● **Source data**
# # # #

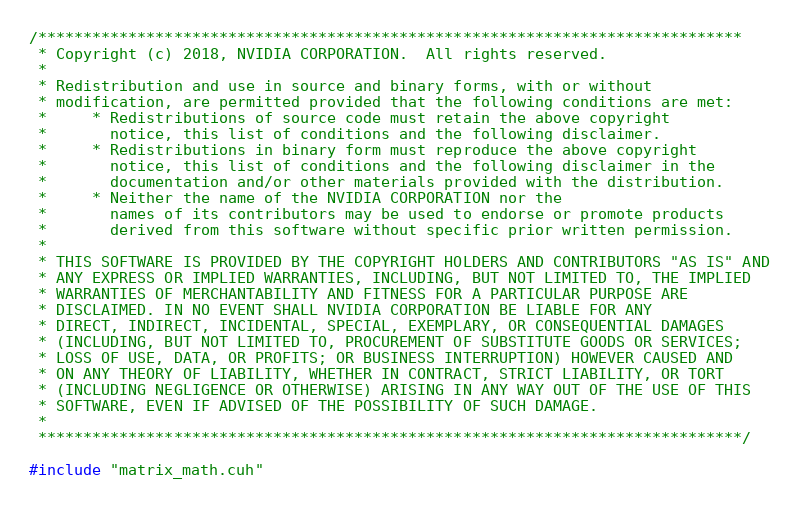<code> <loc_0><loc_0><loc_500><loc_500><_Cuda_>/******************************************************************************
 * Copyright (c) 2018, NVIDIA CORPORATION.  All rights reserved.
 *
 * Redistribution and use in source and binary forms, with or without
 * modification, are permitted provided that the following conditions are met:
 *     * Redistributions of source code must retain the above copyright
 *       notice, this list of conditions and the following disclaimer.
 *     * Redistributions in binary form must reproduce the above copyright
 *       notice, this list of conditions and the following disclaimer in the
 *       documentation and/or other materials provided with the distribution.
 *     * Neither the name of the NVIDIA CORPORATION nor the
 *       names of its contributors may be used to endorse or promote products
 *       derived from this software without specific prior written permission.
 *
 * THIS SOFTWARE IS PROVIDED BY THE COPYRIGHT HOLDERS AND CONTRIBUTORS "AS IS" AND
 * ANY EXPRESS OR IMPLIED WARRANTIES, INCLUDING, BUT NOT LIMITED TO, THE IMPLIED
 * WARRANTIES OF MERCHANTABILITY AND FITNESS FOR A PARTICULAR PURPOSE ARE
 * DISCLAIMED. IN NO EVENT SHALL NVIDIA CORPORATION BE LIABLE FOR ANY
 * DIRECT, INDIRECT, INCIDENTAL, SPECIAL, EXEMPLARY, OR CONSEQUENTIAL DAMAGES
 * (INCLUDING, BUT NOT LIMITED TO, PROCUREMENT OF SUBSTITUTE GOODS OR SERVICES;
 * LOSS OF USE, DATA, OR PROFITS; OR BUSINESS INTERRUPTION) HOWEVER CAUSED AND
 * ON ANY THEORY OF LIABILITY, WHETHER IN CONTRACT, STRICT LIABILITY, OR TORT
 * (INCLUDING NEGLIGENCE OR OTHERWISE) ARISING IN ANY WAY OUT OF THE USE OF THIS
 * SOFTWARE, EVEN IF ADVISED OF THE POSSIBILITY OF SUCH DAMAGE.
 *
 ******************************************************************************/

#include "matrix_math.cuh"</code> 
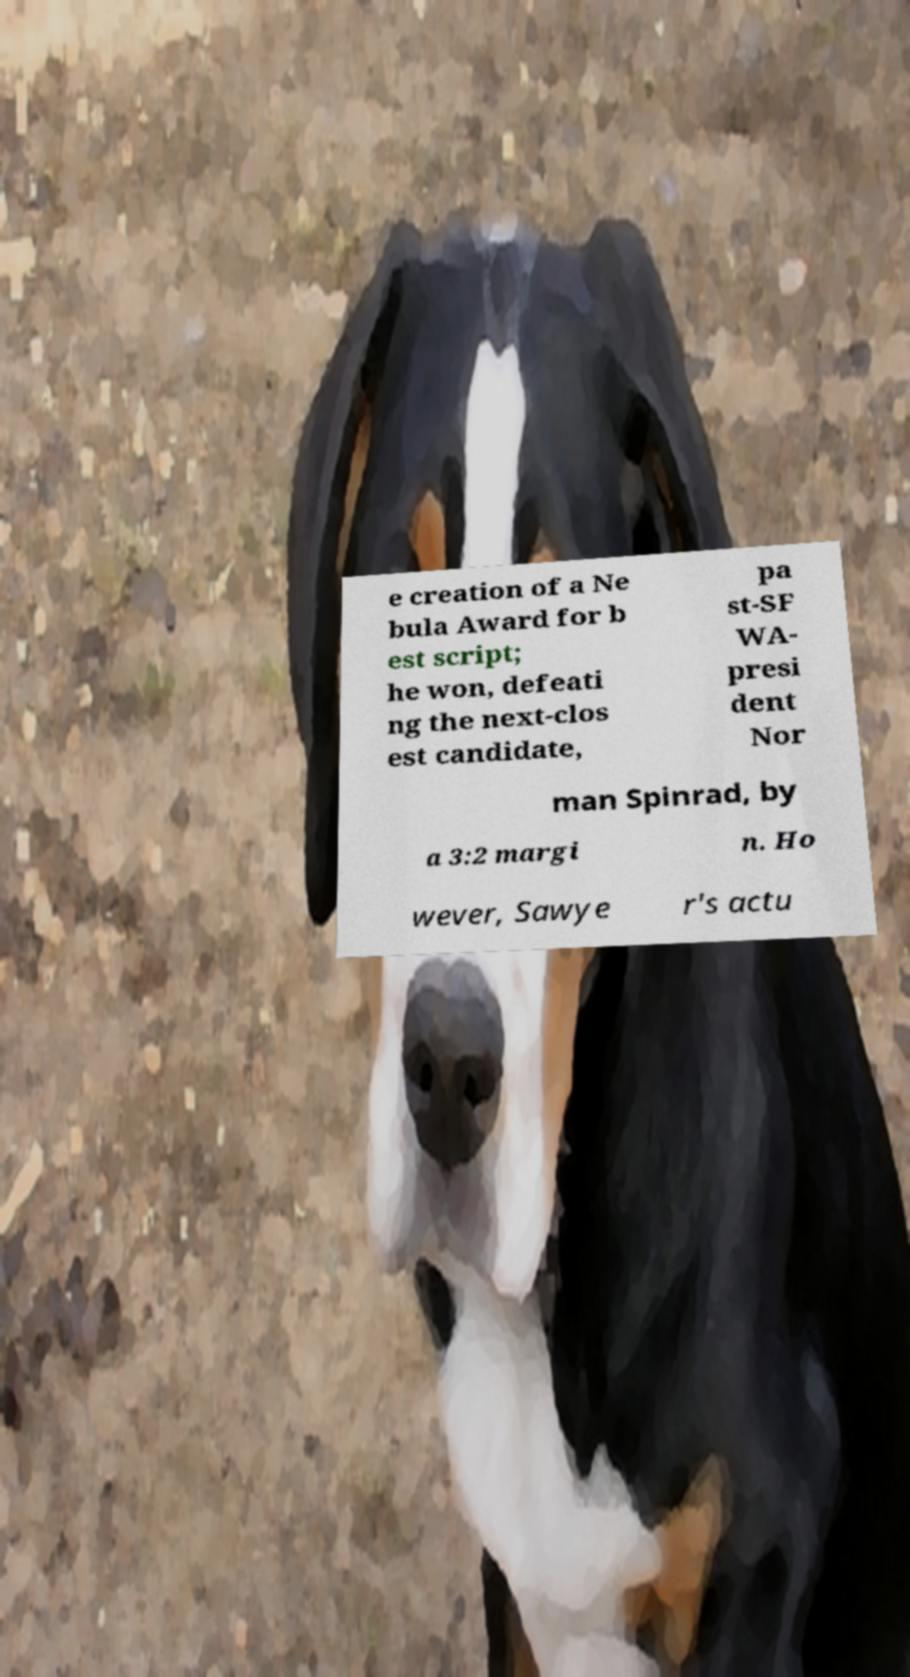Could you extract and type out the text from this image? e creation of a Ne bula Award for b est script; he won, defeati ng the next-clos est candidate, pa st-SF WA- presi dent Nor man Spinrad, by a 3:2 margi n. Ho wever, Sawye r's actu 
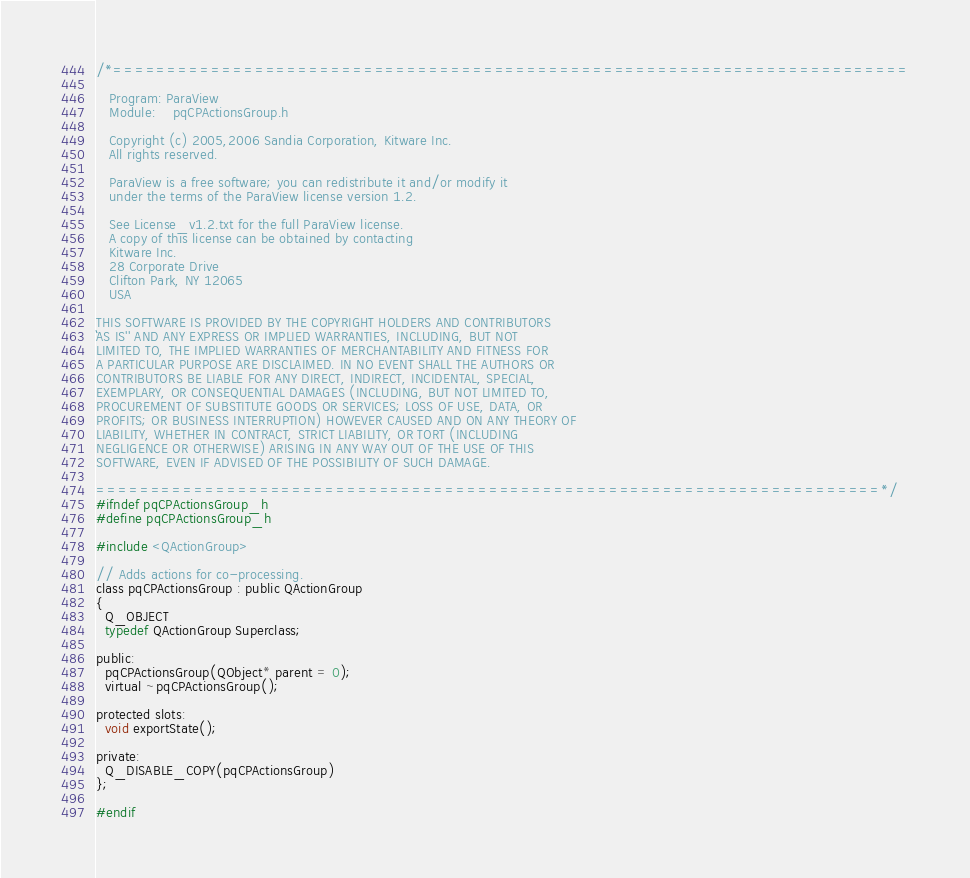Convert code to text. <code><loc_0><loc_0><loc_500><loc_500><_C_>/*=========================================================================

   Program: ParaView
   Module:    pqCPActionsGroup.h

   Copyright (c) 2005,2006 Sandia Corporation, Kitware Inc.
   All rights reserved.

   ParaView is a free software; you can redistribute it and/or modify it
   under the terms of the ParaView license version 1.2.

   See License_v1.2.txt for the full ParaView license.
   A copy of this license can be obtained by contacting
   Kitware Inc.
   28 Corporate Drive
   Clifton Park, NY 12065
   USA

THIS SOFTWARE IS PROVIDED BY THE COPYRIGHT HOLDERS AND CONTRIBUTORS
``AS IS'' AND ANY EXPRESS OR IMPLIED WARRANTIES, INCLUDING, BUT NOT
LIMITED TO, THE IMPLIED WARRANTIES OF MERCHANTABILITY AND FITNESS FOR
A PARTICULAR PURPOSE ARE DISCLAIMED. IN NO EVENT SHALL THE AUTHORS OR
CONTRIBUTORS BE LIABLE FOR ANY DIRECT, INDIRECT, INCIDENTAL, SPECIAL,
EXEMPLARY, OR CONSEQUENTIAL DAMAGES (INCLUDING, BUT NOT LIMITED TO,
PROCUREMENT OF SUBSTITUTE GOODS OR SERVICES; LOSS OF USE, DATA, OR
PROFITS; OR BUSINESS INTERRUPTION) HOWEVER CAUSED AND ON ANY THEORY OF
LIABILITY, WHETHER IN CONTRACT, STRICT LIABILITY, OR TORT (INCLUDING
NEGLIGENCE OR OTHERWISE) ARISING IN ANY WAY OUT OF THE USE OF THIS
SOFTWARE, EVEN IF ADVISED OF THE POSSIBILITY OF SUCH DAMAGE.

========================================================================*/
#ifndef pqCPActionsGroup_h
#define pqCPActionsGroup_h

#include <QActionGroup>

// Adds actions for co-processing.
class pqCPActionsGroup : public QActionGroup
{
  Q_OBJECT
  typedef QActionGroup Superclass;

public:
  pqCPActionsGroup(QObject* parent = 0);
  virtual ~pqCPActionsGroup();

protected slots:
  void exportState();

private:
  Q_DISABLE_COPY(pqCPActionsGroup)
};

#endif
</code>

# # # #

Every line from the top of the entries through the line that holds "CORPORATION BE LIABLE FOR ANY" is to be quoted exactly, please, and nothing else; omit the pictures.

● **RESULT OF THE EXERCISE**
<code> <loc_0><loc_0><loc_500><loc_500><_Cuda_>/******************************************************************************
 * Copyright (c) 2018, NVIDIA CORPORATION.  All rights reserved.
 *
 * Redistribution and use in source and binary forms, with or without
 * modification, are permitted provided that the following conditions are met:
 *     * Redistributions of source code must retain the above copyright
 *       notice, this list of conditions and the following disclaimer.
 *     * Redistributions in binary form must reproduce the above copyright
 *       notice, this list of conditions and the following disclaimer in the
 *       documentation and/or other materials provided with the distribution.
 *     * Neither the name of the NVIDIA CORPORATION nor the
 *       names of its contributors may be used to endorse or promote products
 *       derived from this software without specific prior written permission.
 *
 * THIS SOFTWARE IS PROVIDED BY THE COPYRIGHT HOLDERS AND CONTRIBUTORS "AS IS" AND
 * ANY EXPRESS OR IMPLIED WARRANTIES, INCLUDING, BUT NOT LIMITED TO, THE IMPLIED
 * WARRANTIES OF MERCHANTABILITY AND FITNESS FOR A PARTICULAR PURPOSE ARE
 * DISCLAIMED. IN NO EVENT SHALL NVIDIA CORPORATION BE LIABLE FOR ANY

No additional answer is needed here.